Summary: In the 1930s, a priest comforts an aging opera star. A star who married an angel...





	1. Chapter 1

**Author's Note:**

> I wrote this years ago, in 2009, so you may have seen it on my fanfiction.net account. Now you can read it here, too. :)

Despite the heavy scent of roses in the air, the breeze still carried a slight chill. Pastor Denis gathered his coat more tightly about him as he hurried down the street. He wished he could have afforded a taxi.

The streets were crowded with couples enjoying the spring air, despite the coolness. He dodged around customers frequenting the shops on Rue Edouard VII, following it to its termination in a small square of elegant buildings. Finding the correct address, he sighed. It was on the top floor, and there was no sign of an elevator. He wondered how the elderly occupant managed. Ah, well; he was young and in shape; if she could manage, so could he.

His knock was answered by a woman too well-dressed to be a maid. Her rather sharp gaze frankly appraised him; he suspected he was found wanting, but she invited him in regardless.

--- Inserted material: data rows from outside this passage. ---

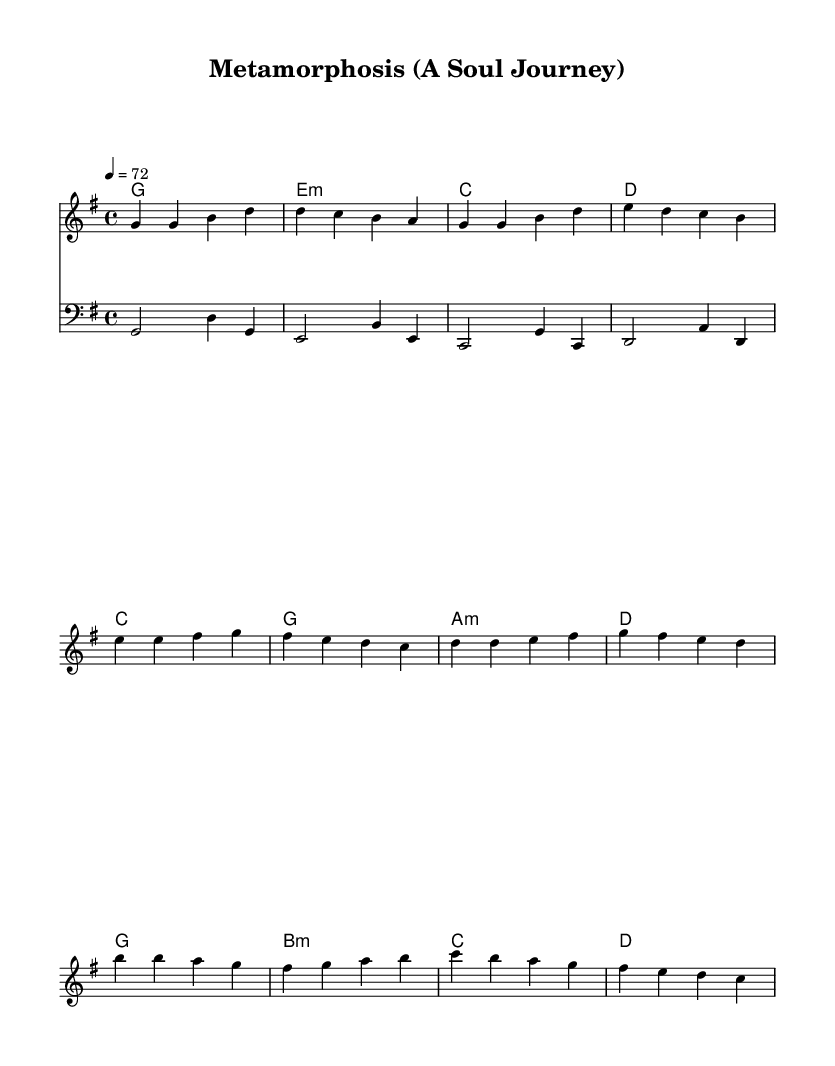What is the key signature of this music? The key signature is indicated by the number of sharps or flats at the beginning of the staff. In this case, there are no sharps or flats listed, which corresponds to the key of G major.
Answer: G major What is the time signature of this music? The time signature is found at the beginning of the staff, showing how many beats are in each measure. Here, the time signature is 4/4, meaning there are four beats per measure and the quarter note gets one beat.
Answer: 4/4 What is the tempo marking for this piece? The tempo is indicated at the beginning of the music with the term and numeric value. In this score, it is marked as "4 = 72," indicating a moderate tempo where the quarter note equals 72 beats per minute.
Answer: 72 How many measures are in the verse section? By looking at the melody notations, the verse consists of four distinct measures before transitioning to the pre-chorus. Therefore, the total number of measures in the verse section is counted as four.
Answer: 4 What chords are used in the chorus? The chorus section's chords are listed under the chord names in the score. They are identified as G major, B minor, C major, and D major, indicating the harmonic structure played during this part.
Answer: G, B minor, C, D What type of musical form is primarily used in this piece? Analyzing the sections of the music, it follows a familiar structure where verses, pre-chorus, and chorus are repeated, characteristic of the soul genres, indicating a verse-chorus form.
Answer: Verse-Chorus Which clef is used for the bass line? The bass line of the score is introduced with a specific clef sign at the beginning, which in this case is the bass clef, indicating that it is meant to be played by lower-pitched instruments.
Answer: Bass clef 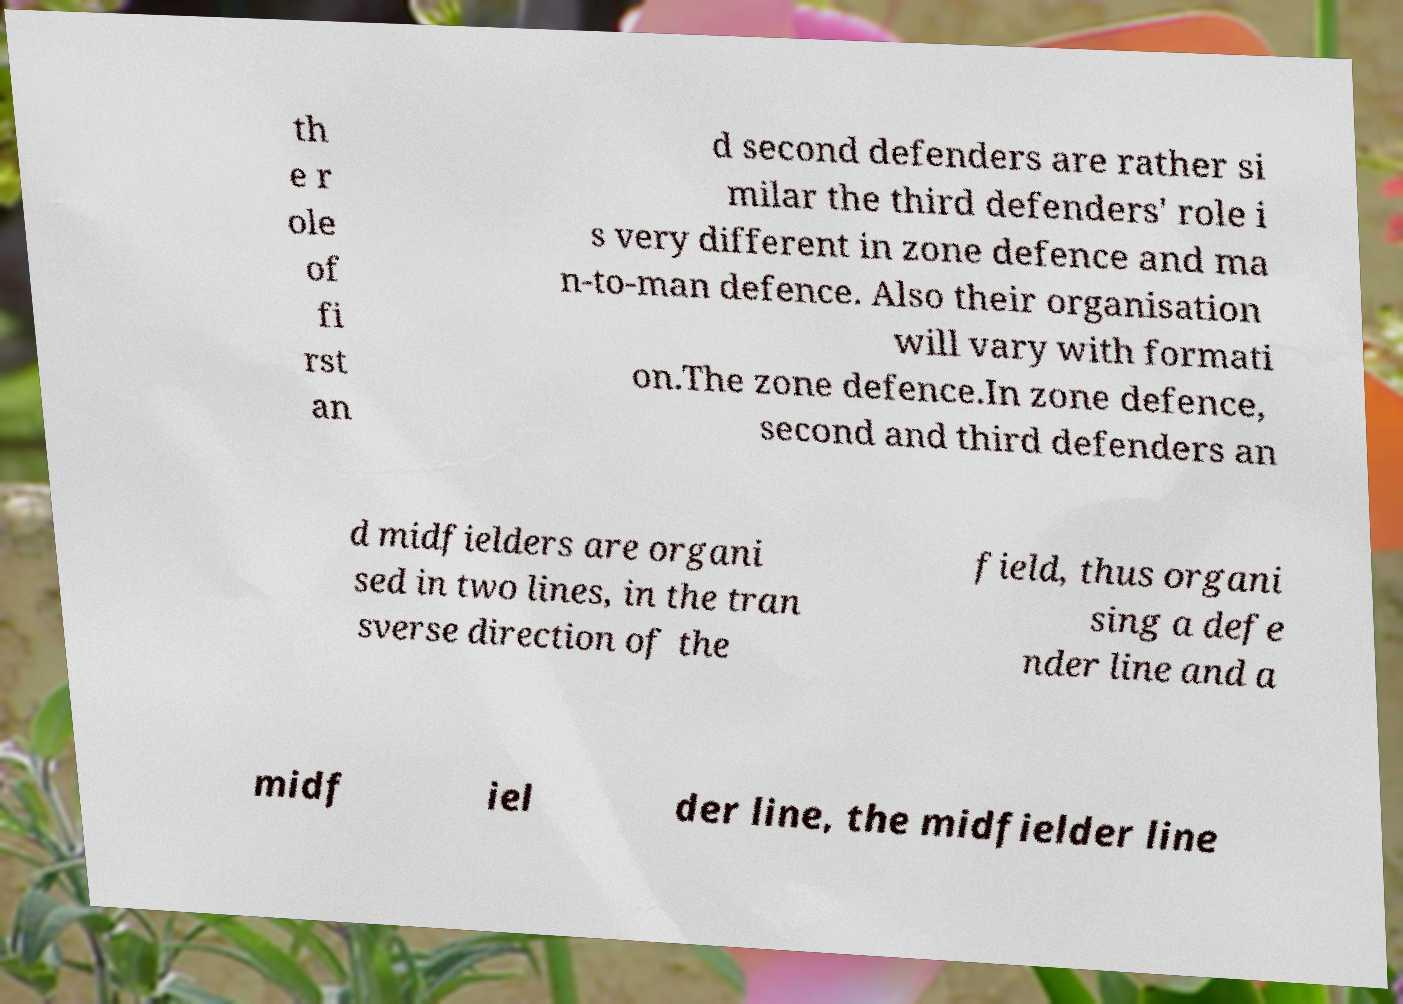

“You must be Pastor Denis,” she said, holding her hand for his coat; “I’m Sophia, La Christine’s daughter. She’s expecting you.”

She was rather too slender, making him wonder if she was eating properly, but her long blonde hair was beautiful. He expected she would show him in at once, but she paused. “My mother may make some rather odd claims,” she said at last, slowly, as if choosing her words with care. “Please don’t be surprised or offended. Pastor Neil once laughed in her face; she never forgave him.” She paused again, then said coldly. “I would not have her die without the comfort of a priest.”

“What sort of claims?” he asked, curious.

“Claims regarding my father,” and she would say no more, but turned and left.

He followed her down a wide hall to a cheerful sunlit room. A corner was taken up with a rather old-fashioned piano; several plants lent a welcome touch of summer. A comfortable-looking divan sat in the sun near a window; upon it, her legs covered with a bright quilt, reclined an elderly lady he could only assume was Madame Daaé.

She had to have been in her seventies, at least, but, fragile though she seemed, her gaze was clear and welcoming as she gracefully extended a hand to him. “Pastor Denis! Welcome! I’m so glad you could come. Please forgive me for not standing; I am afraid it’s very difficult for me, these days.”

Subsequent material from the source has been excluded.